What you will do: With the pictures omitted, transcribe each line below exactly as it is.

*** Begin section ***

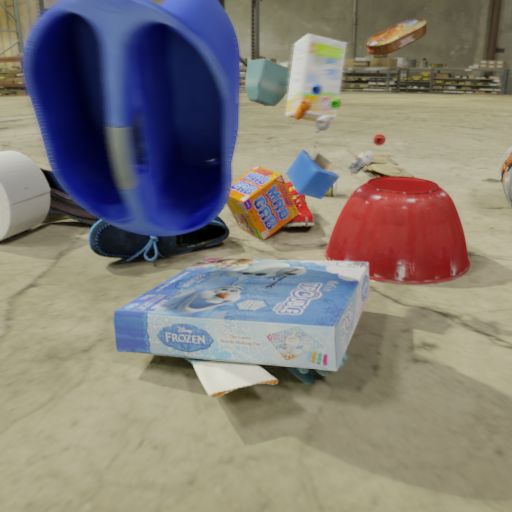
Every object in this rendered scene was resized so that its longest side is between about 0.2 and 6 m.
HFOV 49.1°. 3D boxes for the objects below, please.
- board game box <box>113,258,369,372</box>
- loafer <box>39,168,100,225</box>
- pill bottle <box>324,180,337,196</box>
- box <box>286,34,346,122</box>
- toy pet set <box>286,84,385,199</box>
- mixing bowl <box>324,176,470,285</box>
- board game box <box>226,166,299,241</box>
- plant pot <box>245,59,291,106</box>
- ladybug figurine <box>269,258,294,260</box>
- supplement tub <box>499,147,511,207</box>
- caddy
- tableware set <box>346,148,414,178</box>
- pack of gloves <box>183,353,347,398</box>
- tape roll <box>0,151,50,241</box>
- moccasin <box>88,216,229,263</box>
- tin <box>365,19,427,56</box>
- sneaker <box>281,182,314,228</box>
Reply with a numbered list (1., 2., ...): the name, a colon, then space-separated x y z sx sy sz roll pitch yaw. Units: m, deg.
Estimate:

*** End section ***

Output of the exercise:
Every object in this rendered scene was resized so that its longest side is between about 0.2 and 6 m.
HFOV 49.1°. 3D boxes for the objects below, please.
- board game box <box>113,258,369,372</box>
- loafer <box>39,168,100,225</box>
- pill bottle <box>324,180,337,196</box>
- box <box>286,34,346,122</box>
- toy pet set <box>286,84,385,199</box>
- mixing bowl <box>324,176,470,285</box>
- board game box <box>226,166,299,241</box>
- plant pot <box>245,59,291,106</box>
- ladybug figurine <box>269,258,294,260</box>
- supplement tub <box>499,147,511,207</box>
- caddy
- tableware set <box>346,148,414,178</box>
- pack of gloves <box>183,353,347,398</box>
- tape roll <box>0,151,50,241</box>
- moccasin <box>88,216,229,263</box>
- tin <box>365,19,427,56</box>
- sneaker <box>281,182,314,228</box>
Reply with a numbered list (1., 2., ...): the name, a colon, then space-separated x y z sx sy sz roll pitch yaw. Units: m, deg.
Estimate:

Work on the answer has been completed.